Cottagers who want to winterize their vacation homes will usually have to do some serious upgrades, particularly in Canada’s chilly climate. Most cottages are older structures, built by burly grandfathers who saw cottaging as an exercise in minimalism. But for those of us who don’t view sitting on a frost-covered outhouse as an opportunity to commune with nature, a few renovations are in order before you spend your winter holidays at the lake. And while choosing and installing the right heating system is a must, you’ll first want to upgrade your insulation to make sure you’re getting the most out of your energy costs. Here are five things you can do to improve your cottage’s efficiency this winter.
Go above the roof
Many cottages and cabins have exposed roofs and rafters, while cottages with attics make use of them for extra sleeping space. The result is that there’s often not a place for a simple approach like blown-in insulation. It also means that a lot of cottage roofs don’t have the modern insulation and vapour barriers that we’ve come to expect in new-home constructions.
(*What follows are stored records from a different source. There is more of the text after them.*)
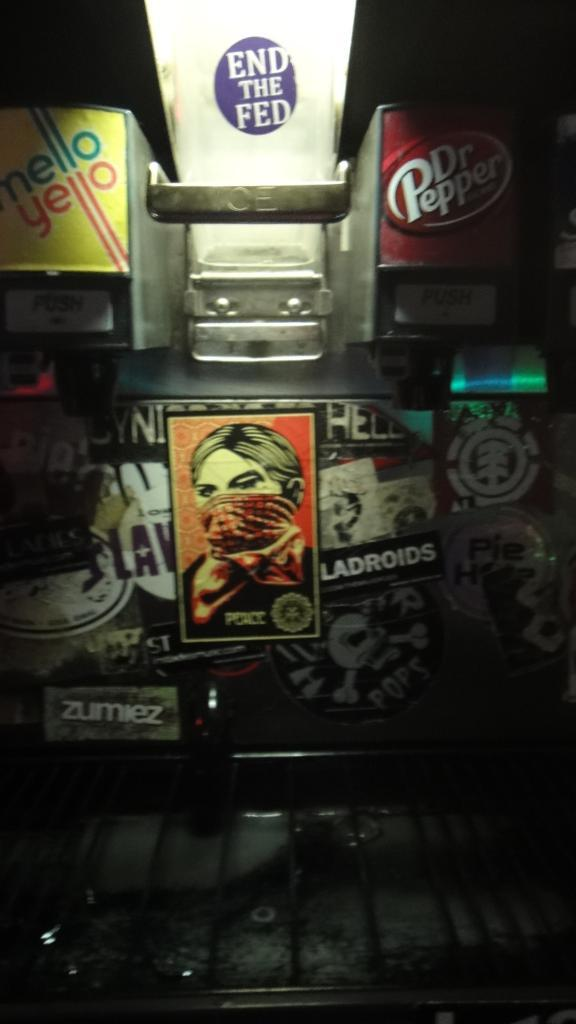<image>
Share a concise interpretation of the image provided. A drink dispenser with Mello Yello and Dr Pepper displayed as well as an "end the fed" sticker on top of it. 
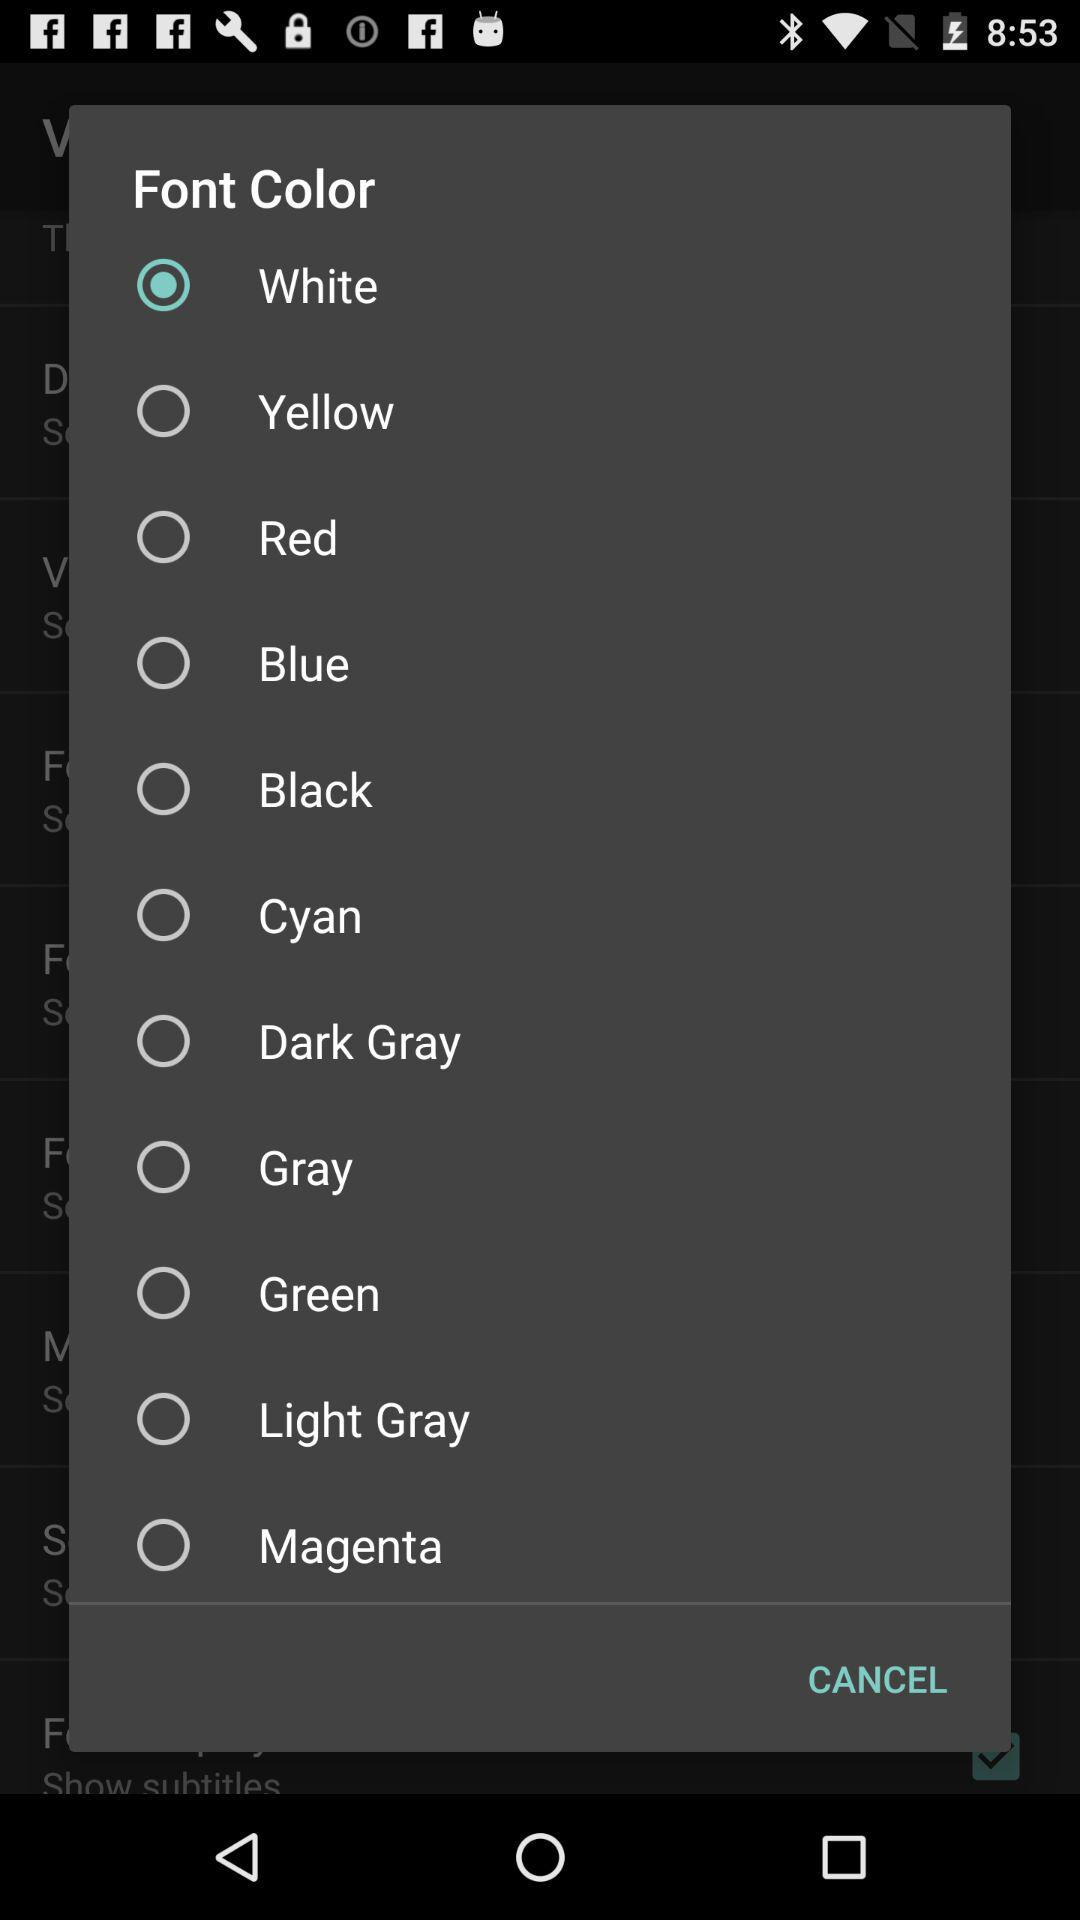What are the different available font color options? The different available font color options are "White", "Yellow", "Red", "Blue", "Black", "Cyan", "Dark Gray", "Gray", "Green", "Light Gray" and "Magenta". 
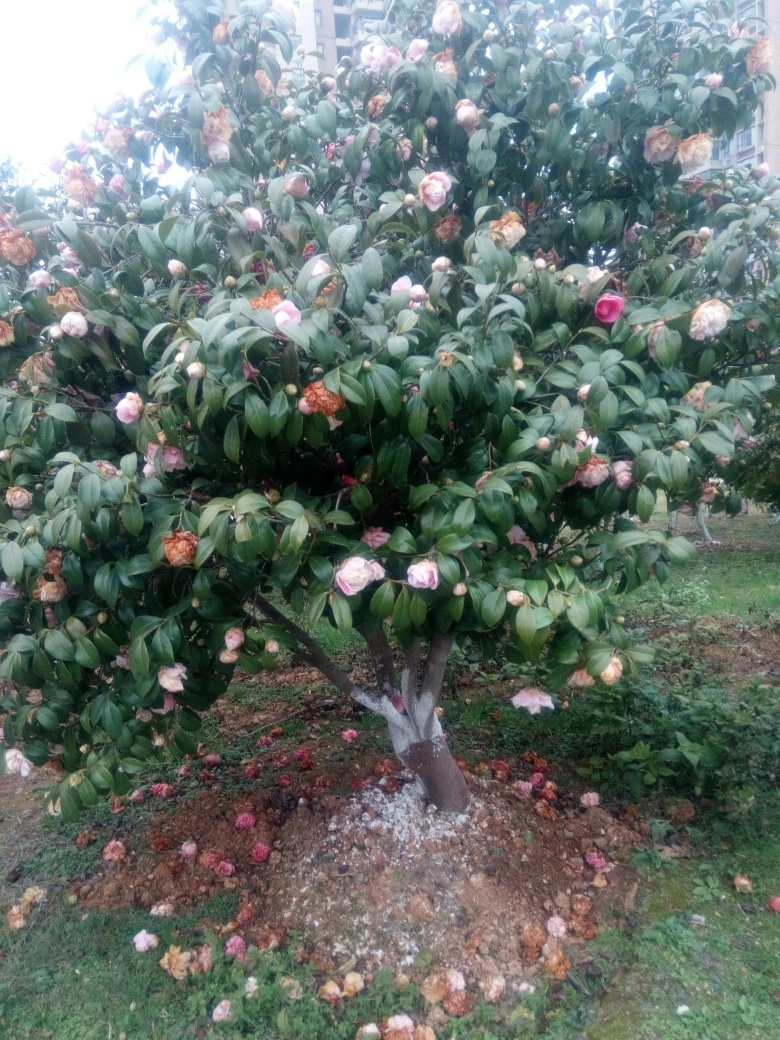What is the overall sharpness like in this image?
A. Soft
B. Excellent
C. Unfocused
Answer with the option's letter from the given choices directly.
 The image appears to have a reasonable level of sharpness, with details in the tree and flowers being quite discernible, indicating a satisfactory capture quality. While it's not at the peak of excellence, most likely due to lighting conditions or slight camera shake, it's definitely not unfocused. Thus, the most appropriate choice would be 'B. Excellent', although 'A. Soft' might be a more fitting description if considering the gentle texture of the petals and leaves. 
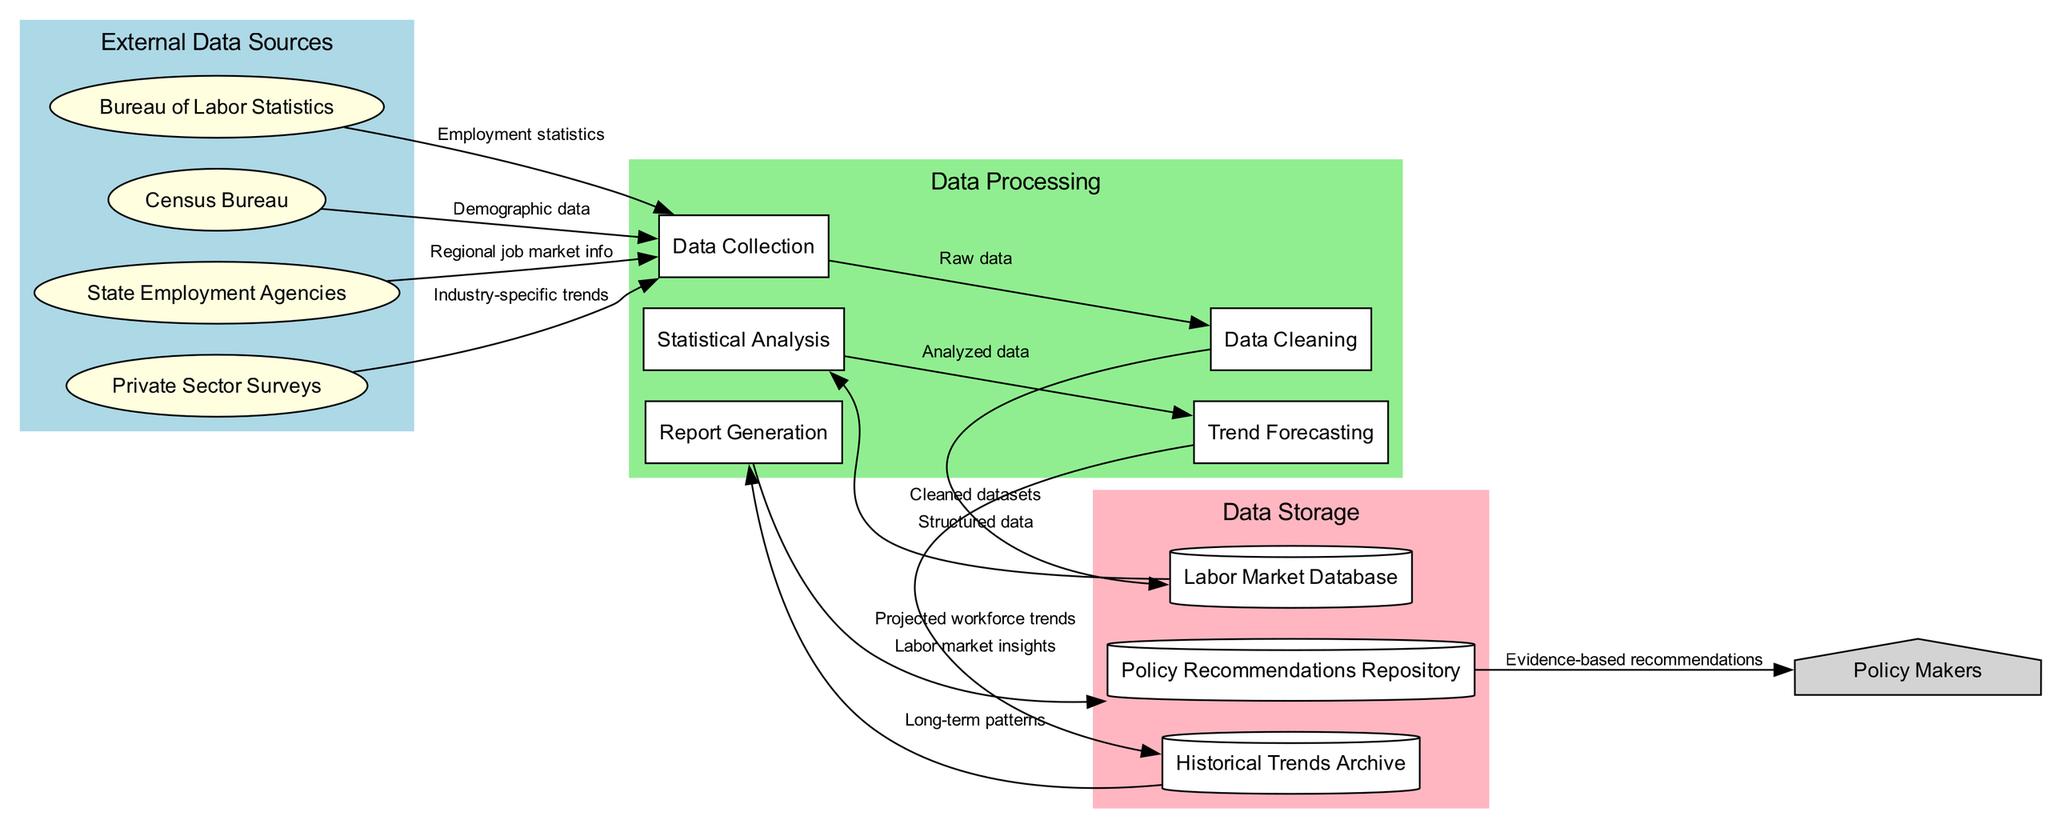What are the external entities involved in the labor market data supply chain? The diagram lists four external entities: Bureau of Labor Statistics, Census Bureau, State Employment Agencies, and Private Sector Surveys. These entities are represented as the primary sources of data that are collected.
Answer: Bureau of Labor Statistics, Census Bureau, State Employment Agencies, Private Sector Surveys How many processes are defined in the data flow diagram? The diagram specifies five processes involved in the labor market data processing. These processes are Data Collection, Data Cleaning, Statistical Analysis, Trend Forecasting, and Report Generation. Counting these processes gives a total of five.
Answer: Five What type of data does the Bureau of Labor Statistics provide to the collection process? According to the diagram, the Bureau of Labor Statistics supplies Employment statistics to the Data Collection process. This indicates the specific type of data being sourced from this external entity.
Answer: Employment statistics What is the final output delivered to policy makers? The last element in the diagram between Policy Recommendations Repository and Policy Makers indicates that Evidence-based recommendations are provided to the policy makers as the final output of the entire data flow process.
Answer: Evidence-based recommendations Which process follows Data Cleaning in the flow? In examining the flow of data from Data Cleaning, we see that it leads to the Labor Market Database. This indicates that cleaned datasets are stored, and the next process utilizing this data will occur after this step. The subsequent process following Data Cleaning is Statistical Analysis.
Answer: Statistical Analysis What is stored in the Historical Trends Archive? The data flows from Trend Forecasting to Historical Trends Archive show that Projected workforce trends are stored there. This indicates the type of data kept for future reference and analysis in the historical trends section.
Answer: Projected workforce trends How many data stores are in the data flow diagram? The diagram includes three data stores: Labor Market Database, Historical Trends Archive, and Policy Recommendations Repository. By counting these nodes, we find there are three distinct data storage areas.
Answer: Three Which external entity provides Industry-specific trends? According to the diagram, Industry-specific trends are provided by Private Sector Surveys, which is one of the identified external sources contributing to the data collection process.
Answer: Private Sector Surveys What type of insights are generated and stored in the Policy Recommendations Repository? The diagram indicates that the insights produced and stored in the Policy Recommendations Repository are labeled as Labor market insights. This emphasizes the nature of the analysis and recommendations derived from prior processes.
Answer: Labor market insights 
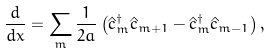<formula> <loc_0><loc_0><loc_500><loc_500>\frac { d } { d x } = \sum _ { m } \frac { 1 } { 2 a } \left ( \hat { c } _ { m } ^ { \dagger } \hat { c } _ { m + 1 } - \hat { c } _ { m } ^ { \dagger } \hat { c } _ { m - 1 } \right ) ,</formula>

If you’re replacing your cottage roof, it’s a perfect time to insulate it without ruining your view of that gorgeous wood when you’re napping on the couch. A technique recommended by some contractors is to install extruded polystyrene foam on top of the roof rather than beneath it. Buy a product that’s bonded to plywood panels that interlock, and put them above your roof boards before adding your vapour barrier and shingles or metal roof. Since most cottages don’t have basements, you can also use these panels to insulate your floor from the top down, ensuring warmer feet and higher heating efficiency.
In Canada’s cold climate, the combination of our cozy interiors and the chilly outdoors can result in cold-bridge condensation, which occurs when our homes’ warm, humid air meets surfaces that are below its dew point. You’ll often see it happen at the base of external walls (where it can lead to mould) and on windows (where it can lead to cell rot).
One of the most effective ways to combat condensation is to seal your cottage from outdoor air using a vapour barrier. They not only keep cold air out; they also prevent your warm interior air from seeping into attics and wall spaces, which are prime areas for condensation. When warm air is able to infiltrate these areas during the winter, it will condense as it cools, causing destructive water droplets in your insulation and on your wall framing. You can prevent this process by installing a polyethylene barrier on the warm side of every wall and ceiling in your cottage. Be sure to seal the barrier joints with caulk to make them air tight.
Consider foam insulation
Spray foam pulls double duty: it’s a great insulator with a high R-value, and it also seals air leaks around windows and doors. That means you can apply it in broad swaths to cover large spaces, or you can purchase small pressurized cans that allow you to apply foam around the frames of your doors and windows.
Keep in mind, though, that spray-foam insulation is so good at making homes air tight that, if applied improperly, it can prevent homes from “breathing,” leading to excess moisture and eventual mould. The antidote in these cases is to make sure your home or cottage has a functioning heat-recovery ventilator (HRV). An HRV will substitute your stale indoor air for fresh outdoor air, but whereas drafty door frames allow cold air in, the HRV pre-heats the air to maintain your indoor temperature.
Insulate your attic with blown-in
If you’re cottage has an unused attic, blown-in insulation is a great way to increase its heating efficiency, and DIY systems like AttiCat make the process of adding insulation to your attic quick and painless.
To get it right, start by looking for leaks. Look beneath your current insulation and find the gaps around plumbing pipes and holes around electrical wires. Use expanding spray foam for any gaps larger than a quarter inch, and use caulk for anything tighter. You should also make sure your vent chutes are properly installed. Without air movement to remove moisture in the winter and heat in the summer, you’ll be reducing your insulation’s R-value. Finally, use two layers of fiberglass insulation to cover the hatch to your attic. Cut them slightly larger than the hatch and then affix them to the door’s edges so they’re secure.
Wrap your windows
If your cottage has weathered old windows, and installing new ones is beyond your budget, a window-insulation kit can go a long way to stopping drafts and increasing your heating efficiency. Many retailers sell kits that allow you to apply the plastic coverings yourself with nothing more than a box cutter and a hair dryer. And while they’re not the most aesthetically pleasing solution, they’ll still allow winter’s limited sun to shine through. They also come off easily in the spring when the mercury begins to rise.